Review by Gregory V. Wilson
Copyright © Dr. Dobb's Journal, August, 1998

One sign of how much the Web has already changed our lives is that I'm reluctant to start this month's reviews by saying, "Christmas is a lousy time to try to do any serious reading," because Christmas will be just a fading, calorie-rich, memory by the time this column is published. If I hadn't procrastinated for most of January, you could theoretically have been reading this column on-line three or four months ago.
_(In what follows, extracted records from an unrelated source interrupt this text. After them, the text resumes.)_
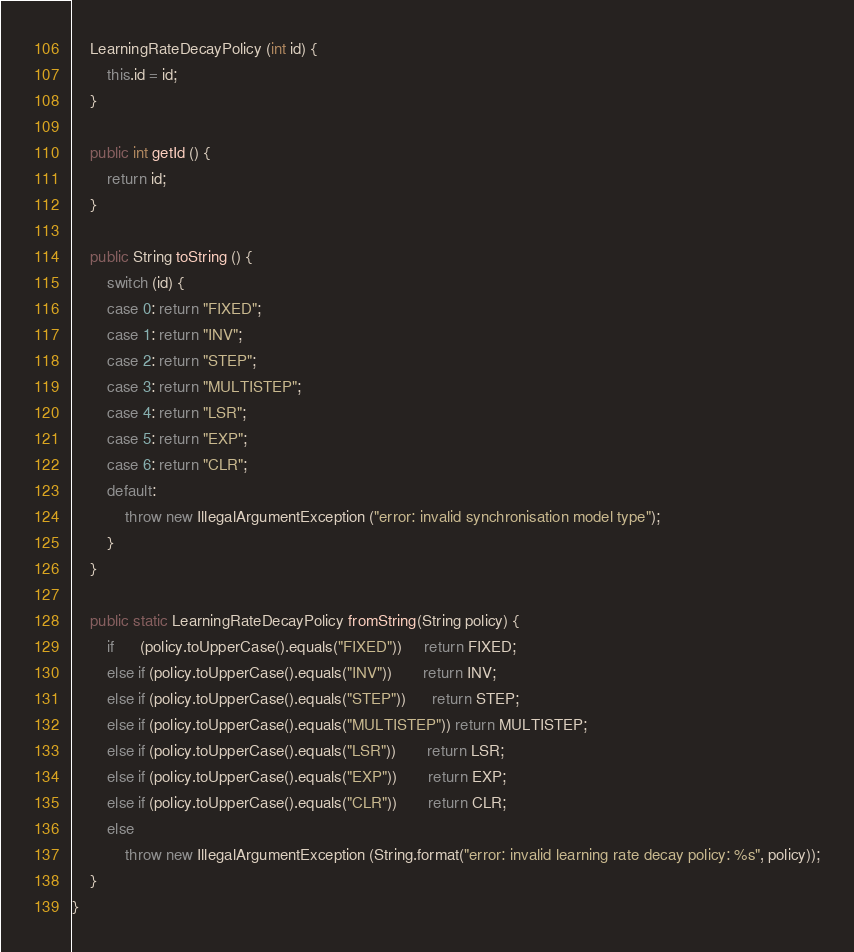Convert code to text. <code><loc_0><loc_0><loc_500><loc_500><_Java_>	LearningRateDecayPolicy (int id) {
		this.id = id;
	}
	
	public int getId () {
		return id;
	}
	
	public String toString () {
		switch (id) {
		case 0: return "FIXED";
		case 1: return "INV";
		case 2: return "STEP";
		case 3: return "MULTISTEP";
		case 4: return "LSR";
		case 5: return "EXP";
		case 6: return "CLR";
		default:
			throw new IllegalArgumentException ("error: invalid synchronisation model type");
		}
	}

	public static LearningRateDecayPolicy fromString(String policy) {
		if      (policy.toUpperCase().equals("FIXED"))     return FIXED;
		else if (policy.toUpperCase().equals("INV"))       return INV;
		else if (policy.toUpperCase().equals("STEP"))      return STEP;
		else if (policy.toUpperCase().equals("MULTISTEP")) return MULTISTEP;
		else if (policy.toUpperCase().equals("LSR"))       return LSR;
		else if (policy.toUpperCase().equals("EXP"))       return EXP;
		else if (policy.toUpperCase().equals("CLR"))       return CLR;
		else
			throw new IllegalArgumentException (String.format("error: invalid learning rate decay policy: %s", policy));
	}
}
</code>

It's therefore a bit embarrassing to admit how little I know about how the Web actually works. I can stitch together terms like "name server" and "hypertext transfer protocol" as glibly as anyone when I'm sober, but when asked, "Yes, but how does it actually work?" I'm often at a loss. A companion to Ron White's earlier How Computers Work, Preson Gralla's richly illustrated book, How the Internet Works, covers everything from packetization and file compression to cookies and electronic cash. Each topic gets a two-page spread, in which crisp, clear paragraphs of text explain the equally crisp, and equally clear, illustrations. While How Computers Work wouldn't make much sense to someone who wasn't already very familiar with computer technology (hexadecimal notation is used on page 10 without any explanation), How the Internet Works ought to be comprehensible to anyone who feels comfortable using a browser and e-mail. Its only shortcoming is its lack of a glossary, but its readability more than makes up for that.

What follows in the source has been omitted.